I want to calculate the area bounded by the curves $f(x) = x \cos^2(x)$ and $g(x) = x$.
To find the points of intersection, I set $f(x)= g(x)$.
$$\begin{aligned}x\cos^2(x)&= x\\ x\cos^2(x)-x&= 0\\ x[cos^2(x)-1] &= 0\\ x[\cos(x)-1]\cdot[\cos(x)+1] &= 0\end{aligned}$$
I find as intersections $x = k \pi$ , with $k \in \mathbb{Z}$.
My issue is that there are no clear boundaries for this function (periodical so with a lot of intersections between curves), so I don't know what the bounds $a$ and $b$ of the integral are supposed to be. (None were given in the questions)
The value of the integral is $$\frac{1}{8} (\cos(2 x) + 2 x (-x + \sin(2 x))) $$
The area you are seeking does not exist as a real number (if even the negative integrals in the $(-\infty,0]$ region are turned to positive), rather the integral which represents the area you are looking for diverges.

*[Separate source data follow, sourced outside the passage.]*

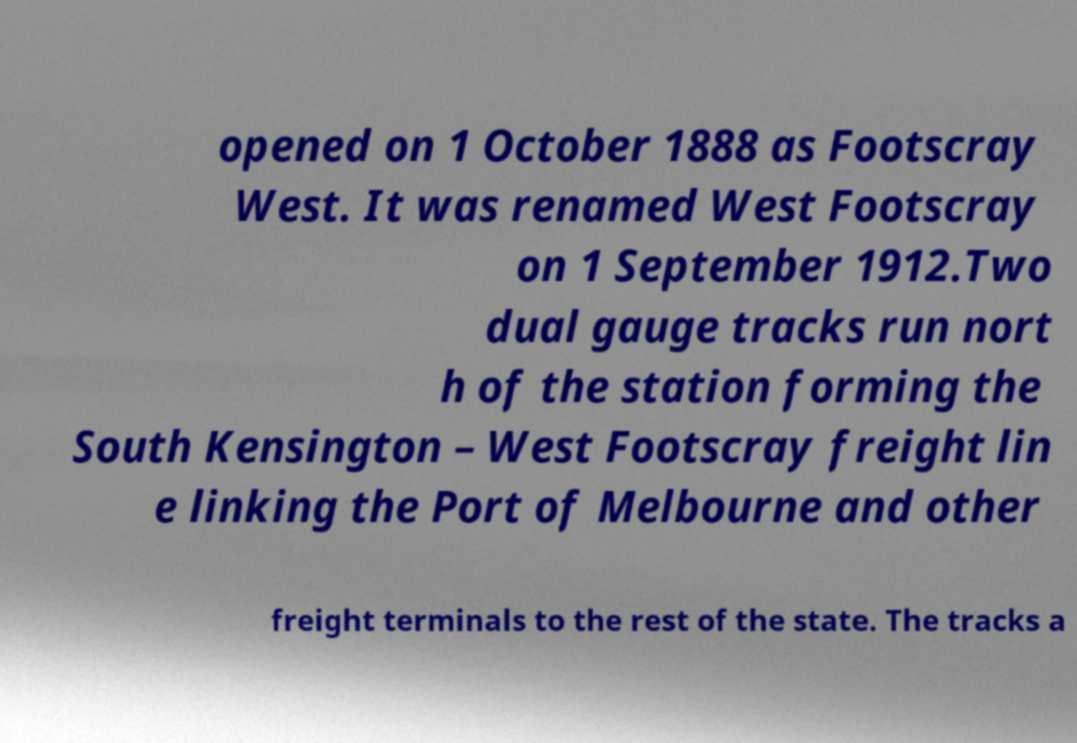For documentation purposes, I need the text within this image transcribed. Could you provide that? opened on 1 October 1888 as Footscray West. It was renamed West Footscray on 1 September 1912.Two dual gauge tracks run nort h of the station forming the South Kensington – West Footscray freight lin e linking the Port of Melbourne and other freight terminals to the rest of the state. The tracks a 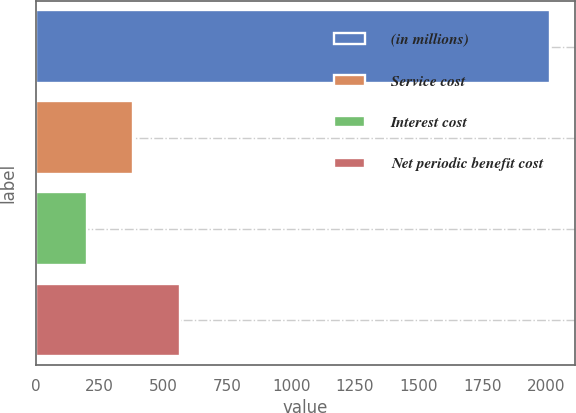Convert chart. <chart><loc_0><loc_0><loc_500><loc_500><bar_chart><fcel>(in millions)<fcel>Service cost<fcel>Interest cost<fcel>Net periodic benefit cost<nl><fcel>2013<fcel>382.2<fcel>201<fcel>563.4<nl></chart> 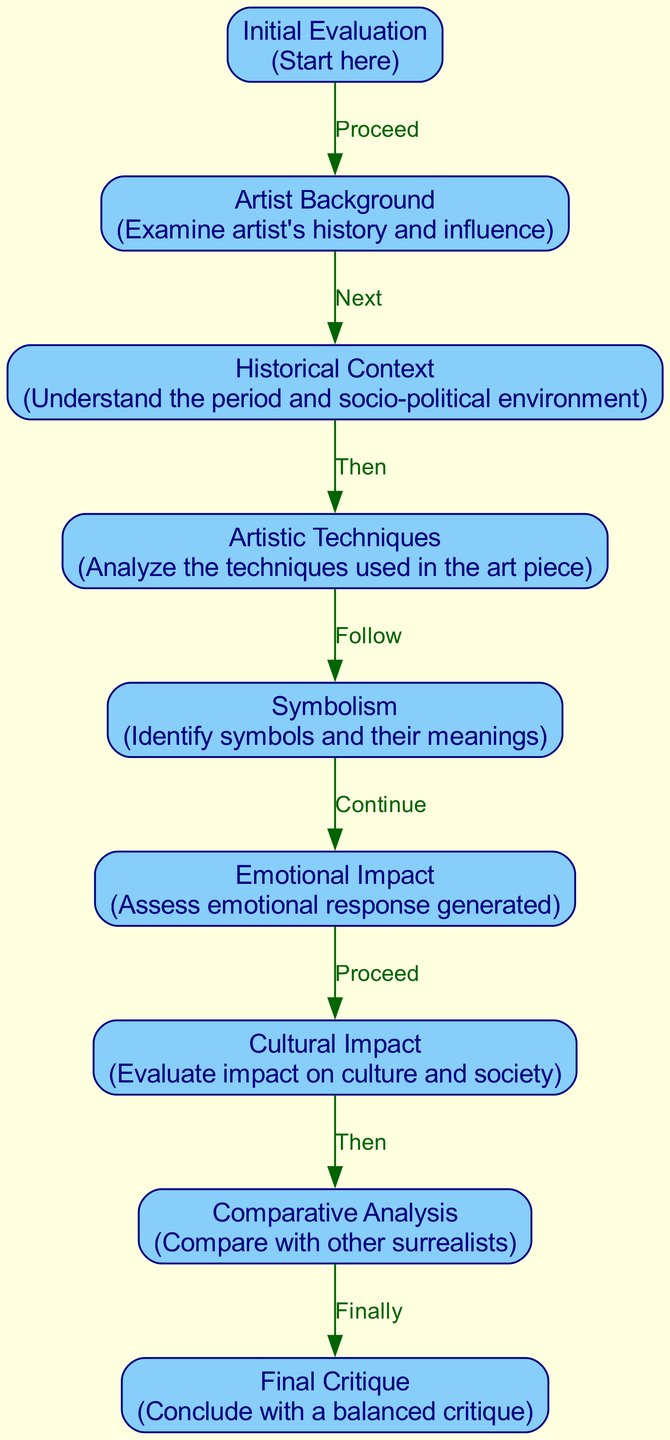What is the first step in the critique framework? The diagram starts with the node labeled "Initial Evaluation," indicating it's the first step in the critique process.
Answer: Initial Evaluation How many nodes are present in the diagram? To determine the number of nodes, we count all the unique steps from the diagram, which includes "Initial Evaluation," "Artist Background," "Historical Context," "Artistic Techniques," "Symbolism," "Emotional Impact," "Cultural Impact," "Comparative Analysis," and "Final Critique." This totals nine nodes.
Answer: 9 What is the label of the node that follows "Emotional Impact"? According to the flow of the diagram, the node immediately succeeding "Emotional Impact" is labeled "Cultural Impact."
Answer: Cultural Impact Which criteria comes after analyzing artistic techniques? In the sequence of evaluation, after "Artistic Techniques," the next criteria to examine is "Symbolism," as indicated by the flow between the nodes in the diagram.
Answer: Symbolism How does "Comparative Analysis" relate to the previous nodes? "Comparative Analysis" follows "Cultural Impact," indicating that it builds upon the evaluation of cultural significance. In this context, it compares the piece with other surrealist artists, reflecting on the overall understanding derived from previous evaluations.
Answer: Builds upon Cultural Impact What is the last step in the critique framework? The final step depicted in the diagram is labeled "Final Critique," which serves to conclude the evaluation process based on all previous analyses.
Answer: Final Critique How many edges are there in the diagram? To find the number of edges, we count the connections between nodes, which are the directional paths that illustrate the flow of evaluation. There are eight edges linking the nine nodes.
Answer: 8 What is the purpose of the "Artist Background" node? The purpose of the "Artist Background" node is to examine the artist's history and the influences that may have shaped their work, as noted in the description of this node.
Answer: Examine artist's history and influence What symbol reflects the assessment of emotional response? The node labeled "Emotional Impact" specifically reflects the assessment of emotional response generated by the artwork.
Answer: Emotional Impact

Note that, if $A$ is the area, \begin{align} A &= \lim_{t \to +\infty}-{\int_{-t}^{0}{x(1-\cos^2{x})\mathrm{d}x}+\int_0^t{x(1-\cos^2{x})\mathrm{d}x}} \\ &= -\int_{-\infty}^{0}{x(1-\cos^2{x})\mathrm{d}x}+\int_0^{+\infty}{x(1-\cos^2{x})\mathrm{d}x} \\ &=2\int_0^{+\infty}{x(1-\cos^2{x})\ \mathrm{d}x} \\ &= \int_0^{+\infty}{x(1-\cos{2x})}\mathrm{d}x \\ &= \int_0^{+\infty}{x \ \mathrm{d}x} \ - \int_0^{+\infty}{x\cos{2x} \ \mathrm{d}x} \\ &= \frac{x^2}{2}-\frac{x\sin{2x}}{2}-\frac{\cos{2x}}{4}\Biggr|_0^{+\infty} \\ &= \lim_{x \to +\infty}\left(\frac{x^2}{2}-\frac{x\sin{2x}}{2}-\frac{\cos{2x}}{4}\right) + 1\rightarrow+\infty\end{align} as $-1 \leq \sin{x}, \cos{x} \leq 1$ so the limit diverges. If you are still not convinced, see that the integral can be written as: \begin{align} A &= 2\int_0^{+\infty}{x(1-\cos^2{x})\mathrm{d}x} \\ &= {\sum_{k =0}^{+\infty}{\int_{k\pi}^{(k+1)\pi}}{x(1-\cos^2{x})\mathrm{d}x}} \\ &=\sum_{k=0}^{+\infty}{\Biggr[\frac{x^2}{2}-\frac{x\sin{2x}}{2}-\frac{\cos{2x}}{4}+1\Biggr]_{k\pi}^{(k+1)\pi}} \\ &= \sum_{k=0}^{+\infty}{\frac{(2k+1)\pi^2}{2}} \end{align} for $k \in \mathbb{Z}$ which also obviously diverges (and now you can even terminate at a partial sum and find the of a section). If the teacher wanted you to just find the integral (which isn't really the area in this case): \begin{align} I=\int_{-\infty}^{+\infty}{x(1-\cos^2{x})\mathrm{d}x}=0 \end{align} since $f(x)=x(1-\cos^2{x})$ is an odd function.